For the past decade since the enactment of No Child Left Behind, policymakers and the public have had access to standardized test scores for all public schools. This allows schools to be evaluated and compared with more than anecdotes or comments passed by word of mouth. Still, changes in student test scores constitute a very narrow measure of what schools do and how well they do it. Overreliance on this one measure alone can misrepresent or even stigmatize otherwise effective schools. My colleague Anil Nathan and I have used a range of data collected in Massachusetts to develop a more comprehensive picture of school effectiveness. We aim to offer better tools to reformers working to improve schools and make them more accountable – and provide parents better information as they make enrollment decisions for their children.
Unintended Consequences from Narrow Measures
Rating schools only according to a narrow set of quantitative indicators leads to unfortunate consequences. As the social psychologist Donald Campbell wrote in 1976, “the more any quantitative social indicator is used for social decision-making, the more subject it will be to corruption pressures and the more apt it will be to distort and corrupt the social processes it is intended to monitor.” Using test scores to rate schools has produced such distortions. Educators have gamed such measures by narrowing the curriculum, teaching-to-the-test, and excluding low-performing students from testing – even, in some cases, by encouraging cheating.
Narrow measures also send an inaccurate message about which schools are succeeding and which are failing – exacerbating inequality in the process. As scholars have revealed, raw standardized test scores often reflect, primarily, the social and economic backgrounds of students. Yet parents may view such scores as indicators of how successful schools are in helping students do better. Consequently, even when schools whose students have low scores promote more growth for those students, the schools can be stigmatized as failures. And schools can be over-optimistically rated as high-performing when, in fact, their test scores merely reflect the privileged backgrounds of their students. Seeking the best schools for their children, quality-conscious parents with access to resources steer their offspring into schools with high test scores, and in the process create a self-fulfilling prophecy in which the schools with the best prepared students get more of them – which leads to more impressive test scores, even if the schools themselves are not making much difference. By contrast, schools with students who struggle on tests will continue to get relatively poor scores on this narrow measure.
Building a Better Measure
Is it possible to measure school quality in a more effective manner that avoids, or at least minimizes, these unintended consequences? There are two good ways to proceed:
- Use multiple measures of school quality. In performance management, the use of so-called “balanced scorecards” is a relatively standard practice. Applying this to education, a measure of school quality can include not only student standardized test scores, but also other indicators of features that parents, educators, and policymakers consider important in education – a measure of a school’s safety, its level of diversity, its academic climate, or even the availability of arts and music offerings.

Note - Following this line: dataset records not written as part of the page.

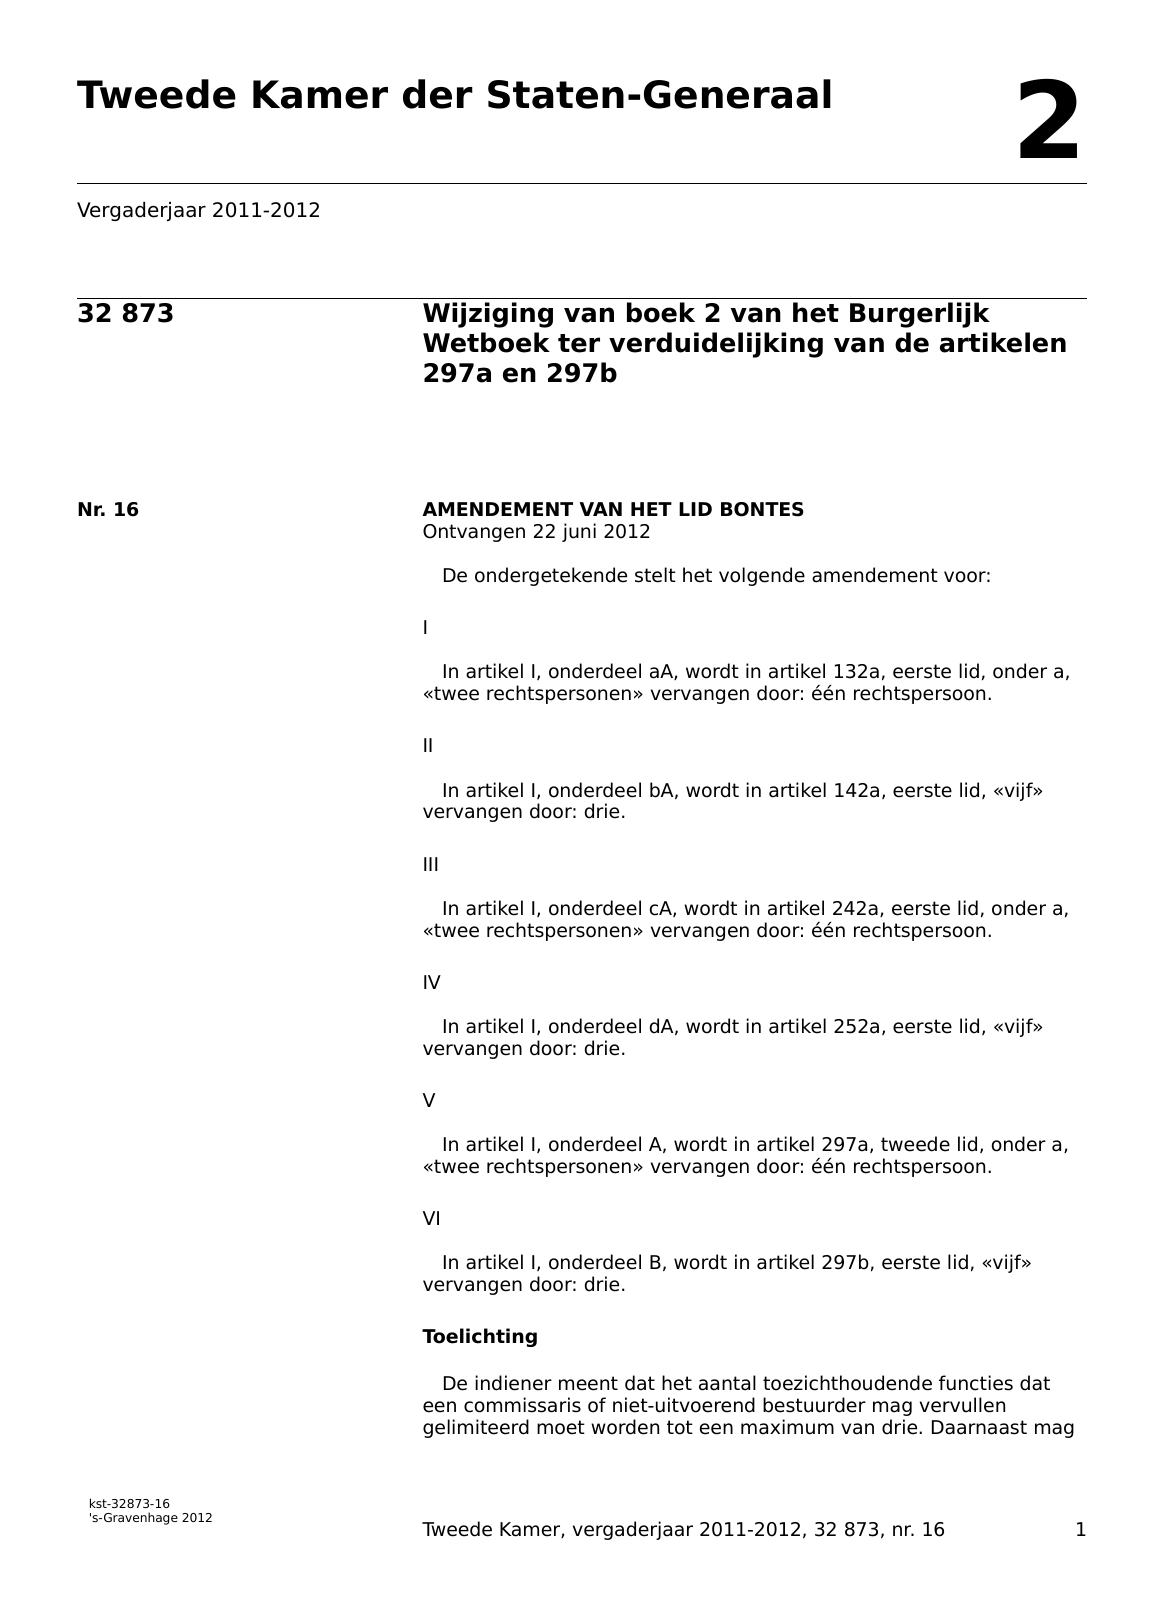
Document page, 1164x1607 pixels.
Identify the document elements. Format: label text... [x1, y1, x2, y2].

text De ondergetekende stelt het volgende amendement voor: [422, 565, 1087, 587]
subtitle II [422, 735, 1087, 757]
text De indiener meent dat het aantal toezichthoudende functies dat een commissaris of niet-uitvoerend bestuurder mag vervullen gelimiteerd moet worden tot een maximum van drie. Daarnaast mag [422, 1373, 1087, 1439]
table_header Tweede Kamer der Staten-Generaal [77, 59, 886, 183]
table_cell Vergaderjaar 2011-2012 [77, 184, 1087, 298]
text In artikel I, onderdeel dA, wordt in artikel 252a, eerste lid, «vijf» vervangen door: drie. [422, 1016, 1087, 1060]
text Ontvangen 22 juni 2012 [422, 521, 1087, 543]
text In artikel I, onderdeel aA, wordt in artikel 132a, eerste lid, onder a, «twee rechtspersonen» vervangen door: één rechtspersoon. [422, 661, 1087, 705]
subtitle Toelichting [422, 1326, 1087, 1348]
subtitle VI [422, 1208, 1087, 1230]
subtitle III [422, 853, 1087, 875]
subtitle 32 873 Wijziging van boek 2 van het Burgerlijk Wetboek ter verduidelijking van de artikelen 297a en 297b [77, 299, 1087, 388]
text In artikel I, onderdeel bA, wordt in artikel 142a, eerste lid, «vijf» vervangen door: drie. [422, 779, 1087, 823]
text In artikel I, onderdeel A, wordt in artikel 297a, tweede lid, onder a, «twee rechtspersonen» vervangen door: één rechtspersoon. [422, 1134, 1087, 1178]
subtitle I [422, 617, 1087, 639]
subtitle V [422, 1090, 1087, 1112]
table_header 2 [886, 59, 1087, 183]
subtitle Nr. 16 AMENDEMENT VAN HET LID BONTES [77, 499, 1087, 521]
text In artikel I, onderdeel cA, wordt in artikel 242a, eerste lid, onder a, «twee rechtspersonen» vervangen door: één rechtspersoon. [422, 898, 1087, 942]
text kst-32873-16 [88, 1497, 323, 1511]
text 's-Gravenhage 2012 [88, 1511, 323, 1525]
subtitle IV [422, 972, 1087, 993]
text In artikel I, onderdeel B, wordt in artikel 297b, eerste lid, «vijf» vervangen door: drie. [422, 1252, 1087, 1296]
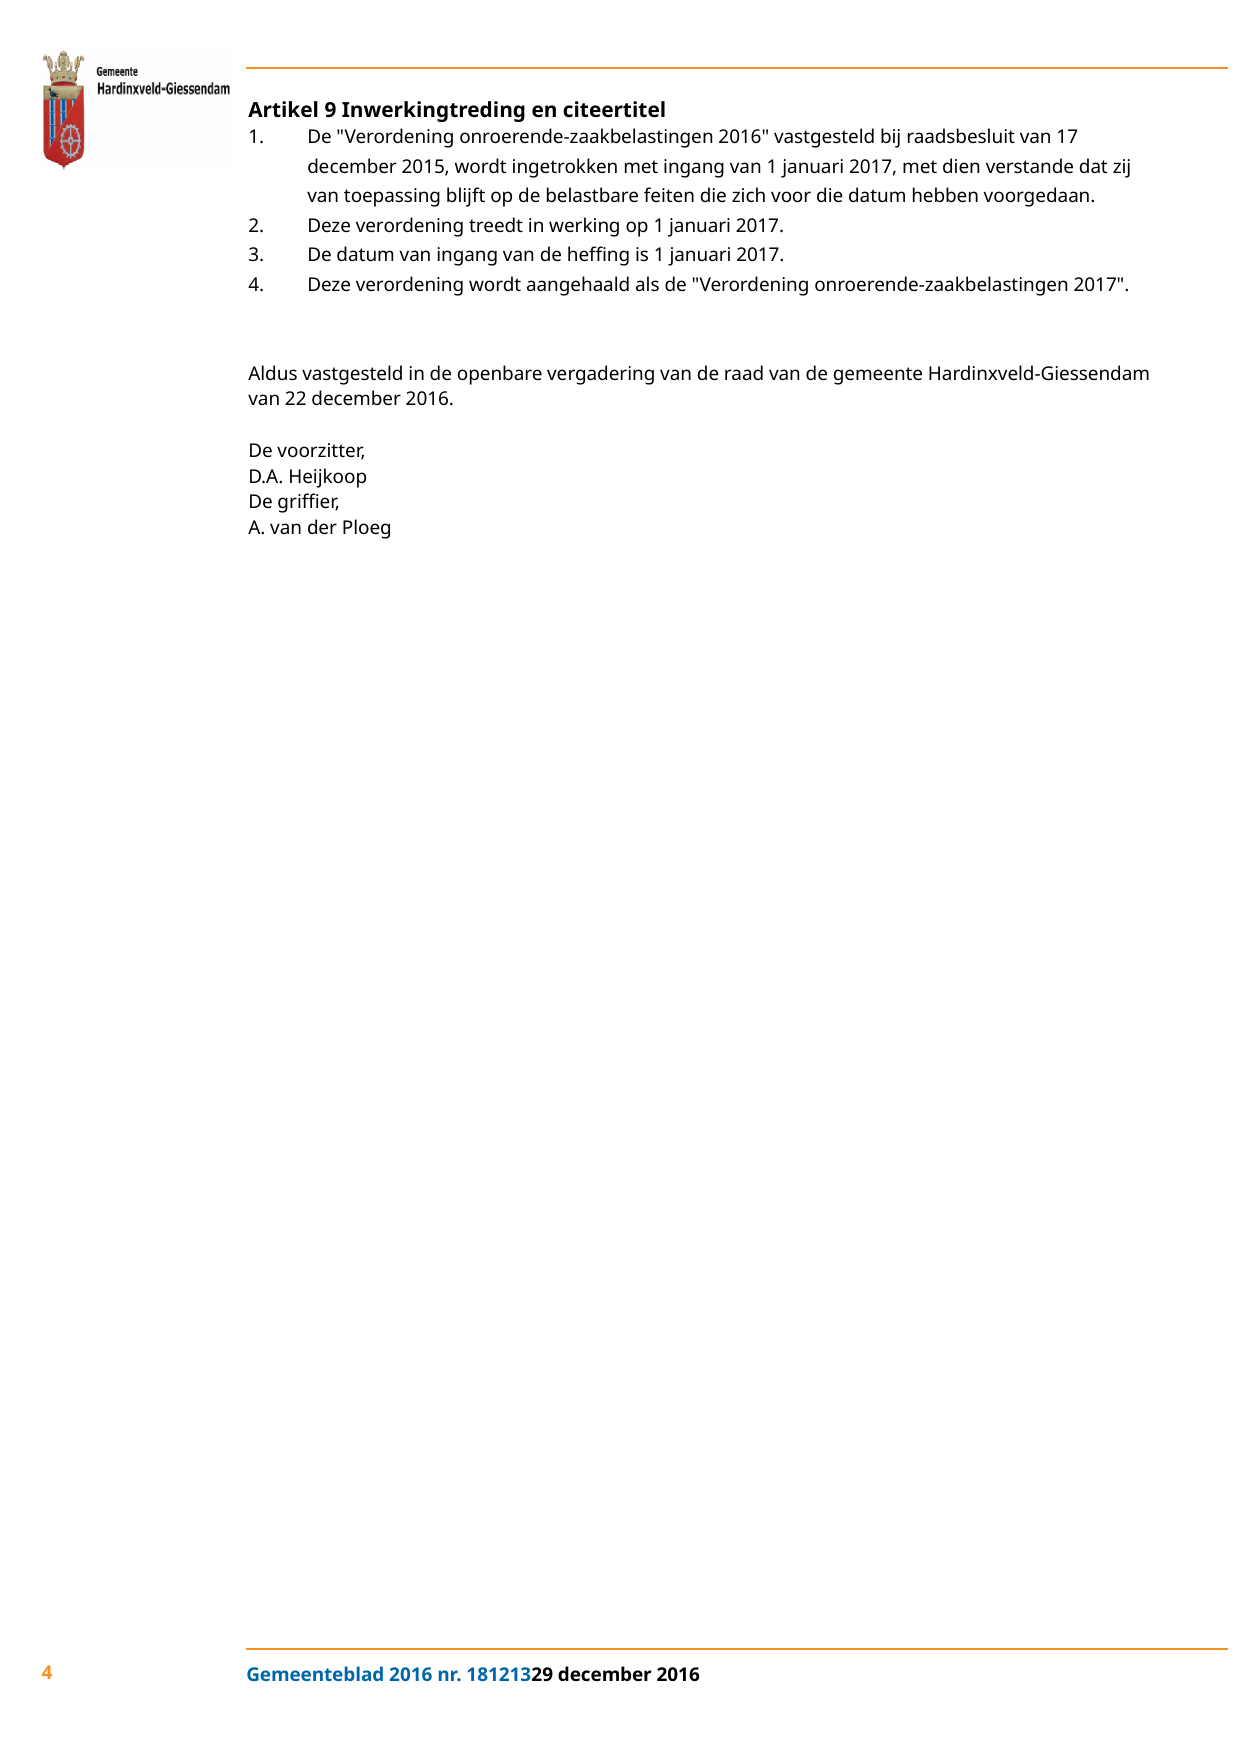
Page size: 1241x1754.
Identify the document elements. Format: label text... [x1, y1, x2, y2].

text De griffier, [248, 488, 1152, 514]
picture [41, 47, 231, 172]
text Artikel 9 Inwerkingtreding en citeertitel [248, 95, 1152, 123]
text A. van der Ploeg [248, 514, 1152, 540]
list Deze verordening treedt in werking op 1 januari 2017. [248, 212, 1152, 238]
list De "Verordening onroerende-zaakbelastingen 2016" vastgesteld bij raadsbesluit van 17 december 2015, wordt ingetrokken met ingang van 1 januari 2017, met dien verstande dat zij van toepassing blijft op de belastbare feiten die zich voor die datum hebben voorgedaan. [248, 123, 1152, 208]
list Deze verordening wordt aangehaald als de "Verordening onroerende-zaakbelastingen 2017". [248, 271, 1152, 297]
text De voorzitter, [248, 437, 1152, 463]
list De datum van ingang van de heffing is 1 januari 2017. [248, 242, 1152, 267]
text D.A. Heijkoop [248, 463, 1152, 488]
text Aldus vastgesteld in de openbare vergadering van de raad van de gemeente Hardinxveld-Giessendam van 22 december 2016. [248, 360, 1152, 411]

- Allow users to place their own weights on school scorecard variables. For each measure of school quality, minimum thresholds can be set. But beyond that, various users of the scorecard can indicate the school qualities most important to them and see how schools rank with their weightings taken into account. Schools can still be compared, but without creating a single rank-ordered list of schools. This avoids improperly stigmatizing schools that do very well in some key ways – such as helping struggling students – and also assists parents and others trying to find schools that fit their values and meet the specific needs of children in varied circumstances.
In our research, we designed the “Dreamschool Finder” ranking tool that provides users with information about all public schools offering instruction in Kindergarten through twelfth grade in the state of Massachusetts. Pulling from the available statewide data, we included more comprehensive measures than raw standardized test scores – giving users information about average student growth in mathematics, average student growth in English Language Arts, school climate, college readiness, school resources, and diversity.
Users of the Dreamschool Finder are able to weight the different measures of school effectiveness according to their own values – generating their own customized picture of school quality. This balanced scorecard approach reveals that various schools in Massachusetts excel on different measures. And the result is a more inclusive, and likely more accurate, portrait of effective schools.
Our project for Massachusetts had to rely on imperfect available data about schools, which we believe can be easily improved by state legislators and school administrators. Yet even despite our limitations, the Dreamschool Finder offered new perspectives on the varied ways in which schools can perform well – offering a more balanced picture of excellence than ranking schools on a single, narrow measure. Our approach also aligns better with what parents and the public want, because they, too, value a variety of forms of school excellence.
Our trial research on a more inclusive measure of school excellence puts us in a good position to suggest improved measures of school performance to policymakers, not just in Massachusetts but across the country. Public dialogue about improving schools – locally, at the state level, and nationally – needs to press ahead and become more nuanced and thoughtful. In order for that to happen, though, better evaluative measures of the variety of things schools do must be developed and used in districts, states, and in federal policymaking. No Child Left Behind’s call for regular evaluation of school performance was a start, but to do such evaluation well, we must create and deploy a full array of meaningful measures.